Exactly as written, retype the listing below, omitting the pictures.

______

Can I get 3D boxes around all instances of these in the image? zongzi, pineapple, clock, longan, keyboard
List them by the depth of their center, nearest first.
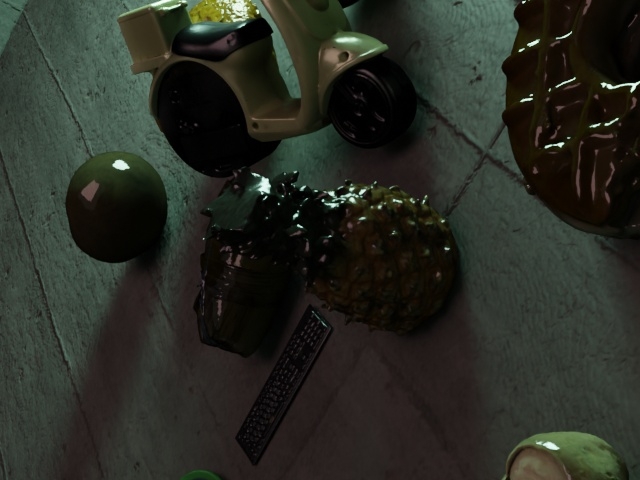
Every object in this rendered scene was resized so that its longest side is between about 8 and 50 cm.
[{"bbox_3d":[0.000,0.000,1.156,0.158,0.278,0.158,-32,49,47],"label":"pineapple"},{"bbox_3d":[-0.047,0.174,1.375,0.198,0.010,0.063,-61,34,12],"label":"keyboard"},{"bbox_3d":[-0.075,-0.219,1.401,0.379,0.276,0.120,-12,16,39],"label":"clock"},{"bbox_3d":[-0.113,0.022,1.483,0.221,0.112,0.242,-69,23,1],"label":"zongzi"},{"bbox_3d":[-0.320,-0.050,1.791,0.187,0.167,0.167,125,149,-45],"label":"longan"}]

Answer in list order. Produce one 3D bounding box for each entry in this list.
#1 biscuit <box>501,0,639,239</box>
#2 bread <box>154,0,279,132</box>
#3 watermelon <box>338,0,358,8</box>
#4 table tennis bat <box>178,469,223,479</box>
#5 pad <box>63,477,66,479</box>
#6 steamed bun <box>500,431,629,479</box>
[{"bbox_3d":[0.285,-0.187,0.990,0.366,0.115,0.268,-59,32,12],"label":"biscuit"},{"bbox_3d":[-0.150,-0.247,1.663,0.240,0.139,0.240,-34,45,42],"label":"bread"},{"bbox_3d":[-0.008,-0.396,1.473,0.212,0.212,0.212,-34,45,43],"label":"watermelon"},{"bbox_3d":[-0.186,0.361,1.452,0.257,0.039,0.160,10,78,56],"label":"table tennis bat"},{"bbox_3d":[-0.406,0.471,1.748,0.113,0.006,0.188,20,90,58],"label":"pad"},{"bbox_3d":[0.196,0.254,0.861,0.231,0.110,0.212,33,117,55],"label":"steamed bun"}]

______

[OUTPUT]
Can I get 3D boxes around all instances of these in the image? zongzi, pineapple, clock, longan, keyboard
List them by the depth of their center, nearest first.
Every object in this rendered scene was resized so that its longest side is between about 8 and 50 cm.
[{"bbox_3d":[0.000,0.000,1.156,0.158,0.278,0.158,-32,49,47],"label":"pineapple"},{"bbox_3d":[-0.047,0.174,1.375,0.198,0.010,0.063,-61,34,12],"label":"keyboard"},{"bbox_3d":[-0.075,-0.219,1.401,0.379,0.276,0.120,-12,16,39],"label":"clock"},{"bbox_3d":[-0.113,0.022,1.483,0.221,0.112,0.242,-69,23,1],"label":"zongzi"},{"bbox_3d":[-0.320,-0.050,1.791,0.187,0.167,0.167,125,149,-45],"label":"longan"}]

Answer in list order. Produce one 3D bounding box for each entry in this list.
#1 biscuit <box>501,0,639,239</box>
#2 bread <box>154,0,279,132</box>
#3 watermelon <box>338,0,358,8</box>
#4 table tennis bat <box>178,469,223,479</box>
#5 pad <box>63,477,66,479</box>
#6 steamed bun <box>500,431,629,479</box>
[{"bbox_3d":[0.285,-0.187,0.990,0.366,0.115,0.268,-59,32,12],"label":"biscuit"},{"bbox_3d":[-0.150,-0.247,1.663,0.240,0.139,0.240,-34,45,42],"label":"bread"},{"bbox_3d":[-0.008,-0.396,1.473,0.212,0.212,0.212,-34,45,43],"label":"watermelon"},{"bbox_3d":[-0.186,0.361,1.452,0.257,0.039,0.160,10,78,56],"label":"table tennis bat"},{"bbox_3d":[-0.406,0.471,1.748,0.113,0.006,0.188,20,90,58],"label":"pad"},{"bbox_3d":[0.196,0.254,0.861,0.231,0.110,0.212,33,117,55],"label":"steamed bun"}]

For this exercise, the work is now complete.